WHAT NEEDS TO BE DONE
In the listing below, print exactly the lines from the first through the one that contains "From the image".

SUPPLIED ENTRIES
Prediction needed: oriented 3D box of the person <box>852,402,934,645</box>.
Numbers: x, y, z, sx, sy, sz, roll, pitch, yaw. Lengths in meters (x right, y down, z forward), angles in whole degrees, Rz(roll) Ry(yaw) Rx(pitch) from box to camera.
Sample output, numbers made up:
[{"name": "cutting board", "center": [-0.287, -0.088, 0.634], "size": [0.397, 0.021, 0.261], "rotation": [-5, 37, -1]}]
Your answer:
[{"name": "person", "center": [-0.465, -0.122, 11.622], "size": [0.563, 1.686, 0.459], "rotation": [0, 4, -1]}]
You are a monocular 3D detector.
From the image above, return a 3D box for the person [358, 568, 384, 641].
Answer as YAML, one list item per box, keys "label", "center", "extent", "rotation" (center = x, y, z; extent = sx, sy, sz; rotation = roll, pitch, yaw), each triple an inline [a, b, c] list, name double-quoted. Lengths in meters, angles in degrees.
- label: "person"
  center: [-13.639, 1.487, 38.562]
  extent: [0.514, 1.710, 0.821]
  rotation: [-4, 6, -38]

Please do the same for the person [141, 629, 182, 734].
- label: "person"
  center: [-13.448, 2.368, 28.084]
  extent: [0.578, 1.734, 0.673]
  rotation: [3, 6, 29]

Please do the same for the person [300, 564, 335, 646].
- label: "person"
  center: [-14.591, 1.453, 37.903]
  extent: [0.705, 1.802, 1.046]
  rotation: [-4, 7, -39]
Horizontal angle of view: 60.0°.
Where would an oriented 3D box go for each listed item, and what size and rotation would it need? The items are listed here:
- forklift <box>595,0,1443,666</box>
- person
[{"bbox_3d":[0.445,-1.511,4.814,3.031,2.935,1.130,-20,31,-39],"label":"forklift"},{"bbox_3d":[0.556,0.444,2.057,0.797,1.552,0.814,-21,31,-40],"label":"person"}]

ANSWER TO THIS PROBLEM
Prediction needed: oriented 3D box of the person <box>852,402,934,645</box>.
Numbers: x, y, z, sx, sy, sz, roll, pitch, yaw. Lengths in meters (x right, y down, z forward), angles in whole degrees, Rz(roll) Ry(yaw) Rx(pitch) from box to camera.
Sample output, numbers made up:
[{"name": "cutting board", "center": [-0.287, -0.088, 0.634], "size": [0.397, 0.021, 0.261], "rotation": [-5, 37, -1]}]
Your answer:
[{"name": "person", "center": [-0.465, -0.122, 11.622], "size": [0.563, 1.686, 0.459], "rotation": [0, 4, -1]}]
You are a monocular 3D detector.
From the image above, return a 3D box for the person [358, 568, 384, 641].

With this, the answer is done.